Eastern Hancock senior set to graduate with college credits despite health struggles


Eastern Hancock High School senior Shelby Harris has a few health issues, including dealing with spina bifida, something she’s had since birth. But, she gets good grades and is heading to college. Tuesday, May 30, 2023.

Tom Russo | Daily Reporter

CHARLOTTESVILLE — Reading, writing and arithmetic are some of the core classes in education. However not all subjects click with all students no matter how hard some may try.

In just a few days, Shelby Harris will pick up her diploma from Eastern Hancock High School at 2 p.m. Sunday, June 4 during graduation and then head on to college where she plans to work on her culinary skills. Shelby wraps up her senior year heading to the next chapter of life with several college credits toward her future degree after years of pushing forward despite health issues that have affected her school work.

While Shelby has been able to earn mostly A’s and B’s, with a few C’s sprinkled in while in high school, reading has always been a huge obstacle due to health challenges, some associated with a severe form of spina bifida, something Shelby has had since birth.

Spina bifida is a defect in which an area of the spinal column doesn’t form properly. While Shelby noted she does have a severe form of the birth defect, she doesn’t let it keep her from getting around or striving for the best in her school work. Shelby’s reading comprehension is something she’s worked hard at in order to progress and be a typical high school student.

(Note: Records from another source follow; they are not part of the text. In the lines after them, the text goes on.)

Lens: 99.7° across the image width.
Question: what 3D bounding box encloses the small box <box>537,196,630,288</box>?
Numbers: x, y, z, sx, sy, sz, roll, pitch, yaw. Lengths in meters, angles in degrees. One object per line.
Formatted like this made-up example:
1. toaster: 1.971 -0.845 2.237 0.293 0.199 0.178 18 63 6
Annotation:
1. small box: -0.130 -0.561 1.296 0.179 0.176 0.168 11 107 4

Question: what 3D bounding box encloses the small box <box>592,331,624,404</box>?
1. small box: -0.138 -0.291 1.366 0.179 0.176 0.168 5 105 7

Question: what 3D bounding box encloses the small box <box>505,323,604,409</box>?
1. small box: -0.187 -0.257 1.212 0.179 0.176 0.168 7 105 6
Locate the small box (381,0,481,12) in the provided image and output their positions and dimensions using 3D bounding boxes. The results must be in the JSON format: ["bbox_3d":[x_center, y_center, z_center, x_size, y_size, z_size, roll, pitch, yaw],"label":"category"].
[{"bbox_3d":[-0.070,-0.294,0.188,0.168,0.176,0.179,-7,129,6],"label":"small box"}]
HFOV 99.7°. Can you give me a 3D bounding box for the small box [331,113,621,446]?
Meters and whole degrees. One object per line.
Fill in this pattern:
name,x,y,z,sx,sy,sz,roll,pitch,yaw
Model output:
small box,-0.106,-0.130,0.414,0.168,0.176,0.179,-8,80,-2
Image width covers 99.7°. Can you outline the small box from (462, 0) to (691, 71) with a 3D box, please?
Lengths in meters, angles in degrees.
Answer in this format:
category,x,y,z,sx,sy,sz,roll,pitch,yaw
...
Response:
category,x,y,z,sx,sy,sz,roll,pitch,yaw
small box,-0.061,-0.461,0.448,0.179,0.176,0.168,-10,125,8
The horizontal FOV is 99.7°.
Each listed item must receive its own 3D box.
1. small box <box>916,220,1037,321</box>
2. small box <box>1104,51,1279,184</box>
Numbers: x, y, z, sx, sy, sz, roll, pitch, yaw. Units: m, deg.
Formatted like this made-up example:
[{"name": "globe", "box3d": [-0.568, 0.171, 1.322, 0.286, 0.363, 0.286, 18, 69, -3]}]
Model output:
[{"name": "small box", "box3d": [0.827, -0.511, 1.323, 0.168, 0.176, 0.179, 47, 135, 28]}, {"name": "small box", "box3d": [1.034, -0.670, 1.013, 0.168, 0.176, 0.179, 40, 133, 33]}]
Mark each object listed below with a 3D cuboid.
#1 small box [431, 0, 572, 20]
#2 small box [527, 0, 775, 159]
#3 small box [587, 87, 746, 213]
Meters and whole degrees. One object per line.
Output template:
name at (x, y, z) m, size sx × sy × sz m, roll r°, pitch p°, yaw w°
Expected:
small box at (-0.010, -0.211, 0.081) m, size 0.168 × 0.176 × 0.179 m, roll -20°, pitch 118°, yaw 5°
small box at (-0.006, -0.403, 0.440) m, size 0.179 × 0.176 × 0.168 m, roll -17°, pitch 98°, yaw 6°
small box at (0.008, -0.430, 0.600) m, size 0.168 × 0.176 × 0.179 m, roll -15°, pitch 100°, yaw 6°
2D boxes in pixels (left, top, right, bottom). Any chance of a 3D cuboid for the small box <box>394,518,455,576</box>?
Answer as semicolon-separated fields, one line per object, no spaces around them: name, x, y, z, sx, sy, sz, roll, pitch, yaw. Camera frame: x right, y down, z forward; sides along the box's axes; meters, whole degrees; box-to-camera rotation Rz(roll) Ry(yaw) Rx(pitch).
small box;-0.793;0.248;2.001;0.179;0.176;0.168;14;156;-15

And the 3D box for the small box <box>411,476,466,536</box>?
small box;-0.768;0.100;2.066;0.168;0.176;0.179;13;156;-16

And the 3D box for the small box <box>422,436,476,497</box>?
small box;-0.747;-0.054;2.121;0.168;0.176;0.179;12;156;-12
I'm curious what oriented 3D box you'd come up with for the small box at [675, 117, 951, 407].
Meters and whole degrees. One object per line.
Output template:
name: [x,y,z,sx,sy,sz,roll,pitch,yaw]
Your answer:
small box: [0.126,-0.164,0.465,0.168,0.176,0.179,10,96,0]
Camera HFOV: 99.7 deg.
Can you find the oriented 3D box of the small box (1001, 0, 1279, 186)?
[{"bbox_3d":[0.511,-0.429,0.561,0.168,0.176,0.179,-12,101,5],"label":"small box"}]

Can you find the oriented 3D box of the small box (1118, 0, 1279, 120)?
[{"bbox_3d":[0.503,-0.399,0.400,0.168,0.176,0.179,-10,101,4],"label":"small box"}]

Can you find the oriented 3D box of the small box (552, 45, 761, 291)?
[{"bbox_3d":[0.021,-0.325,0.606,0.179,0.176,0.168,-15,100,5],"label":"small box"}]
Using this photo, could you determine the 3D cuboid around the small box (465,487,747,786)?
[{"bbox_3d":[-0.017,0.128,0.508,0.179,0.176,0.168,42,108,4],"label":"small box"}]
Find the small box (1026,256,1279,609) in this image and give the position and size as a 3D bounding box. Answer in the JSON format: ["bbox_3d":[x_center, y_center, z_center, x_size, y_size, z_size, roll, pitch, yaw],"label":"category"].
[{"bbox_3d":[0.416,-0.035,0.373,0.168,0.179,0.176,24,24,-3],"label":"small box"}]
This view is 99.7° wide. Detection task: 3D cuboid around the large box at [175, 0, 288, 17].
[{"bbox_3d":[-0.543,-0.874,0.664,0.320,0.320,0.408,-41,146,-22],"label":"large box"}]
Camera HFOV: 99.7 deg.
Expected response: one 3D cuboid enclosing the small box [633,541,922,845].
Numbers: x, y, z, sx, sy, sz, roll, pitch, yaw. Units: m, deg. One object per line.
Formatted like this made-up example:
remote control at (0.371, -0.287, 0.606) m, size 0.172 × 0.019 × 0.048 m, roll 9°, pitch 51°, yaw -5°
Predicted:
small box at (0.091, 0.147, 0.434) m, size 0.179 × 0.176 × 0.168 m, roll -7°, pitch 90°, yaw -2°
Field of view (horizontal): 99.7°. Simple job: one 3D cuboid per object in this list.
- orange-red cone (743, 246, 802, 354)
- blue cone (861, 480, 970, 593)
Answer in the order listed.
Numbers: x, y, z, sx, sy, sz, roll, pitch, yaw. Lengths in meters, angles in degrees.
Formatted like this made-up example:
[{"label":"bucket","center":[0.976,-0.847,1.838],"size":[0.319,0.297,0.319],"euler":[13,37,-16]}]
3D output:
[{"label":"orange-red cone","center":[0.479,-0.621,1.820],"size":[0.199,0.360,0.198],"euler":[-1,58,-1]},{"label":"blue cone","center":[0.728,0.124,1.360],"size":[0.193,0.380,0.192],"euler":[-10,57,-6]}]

“For some reason, I have a hard time processing what I read,” Shelby said. “I sometimes have to read things several times just to understand it and most of my reading issues happen when I’m at school for some reason.”

In order to wrap up her high school career and prepare for the future of taking more classes at Ivy Tech, Shelby took charge of her studies this year.

“Heading into my senior year, I just decided to ask for help, and it’s really made a difference because I’ve done better,” she said.

That included things like asking to leave a room and find a more quiet place when things became too loud for her to concentrate.

“I would either go to a different room, the library or just go sit in the hall and read and it helped, but sometimes if I couldn’t concentrate, I’d have to do something else and come back to it and refocus later,” Shelby said.

One of Shelby’s teachers, Shantelle Ebbert, said despite Shelby having challenges with her health and mobility, Shelby is known as a hardworking, bright student who approaches challenges head on and with a positive attitude.

“Shelby exhibits great leadership skills in her interactions with others, and she has persevered through not only her classes at Eastern Hancock High School, but also in the Culinary Arts program at the New Castle Vocational school where she attends half day,” Ebbert told the Daily Reporter. “Shelby does not back down from a challenge, but works to overcome obstacles that are in her way.”

Ebbert went on to say how, “it’s been a pleasure working with Shelby and watching her grow in all aspects of her education.”

Shelby noted much of her success is due to the support of her teachers and family who have given her encouragement to overcome the physical and educational challenges.

“My mom has really helped me with my reading and has even read things to me to help make sure I understood,” Shelby said. “But, I think the real key was just letting everyone know I needed some help.”

Shelby’s mother, Lynette Harris, said she could not be more proud of what her daughter has accomplished, not only earning good grades, but making the decision to move on to college and chase her dreams of becoming a baker.

“I’m very proud of her,” her mother said.

Shelby admits her senior year has been the hardest by far because she’s taken more difficult classes and has been more outgoing as she’s grown up.

“I’ve noticed I have struggled a lot more this year, even having to re-read things six or seven times just to understand it, but I’ve just done it and moved on,” she said.

Shelby noted many teachers have helped her reach her goal of graduation and moving on, including her chemistry teacher, Lauri Johnson, who Shelby said has been patient and worked with her when the reading issue have popped up.

“She can tell when I’m struggling and she helps me,” Shelby said. “It’s so good to have that support because most people don’t understand what I’m going through and what having this issue is like.”

Not unlike most seniors, Shelby says she’s ready to be done with high school and move on to the next phase of life. She’s proud of the fact she’ll graduate her culinary class at New Castle, taught by officials from Ivy Tech, and then head on to Ivy Tech college classes as a sophomore.

“I shouldn’t have to take many more classes there, but I plan on taking as many classes as I can and working while I’m in college,” she said. “I’m thinking of someday owning my own business.”

The biggest lesson Shelby said she’s taken away from high school is something she’d like to pass on to other students.

“If you are struggling with something, don’t be afraid to ask for help because there are people at Eastern Hancock who can help you, and don’t feel embarrassed about asking,” Shelby said.

Someday, Shelby said, she just might be one of those people who reads for pleasure, but for now with a large part of her reading, writing and arithmetic behind her, about the only things she wants to read in the near future are books and papers filled with great recipes.

“I’m just really ready to be done with high school and to move on and do some baking,” Shelby said.

When asked her favorite thing to bake, Shelby paused, then laughed and said, “chocolate chip cookies.”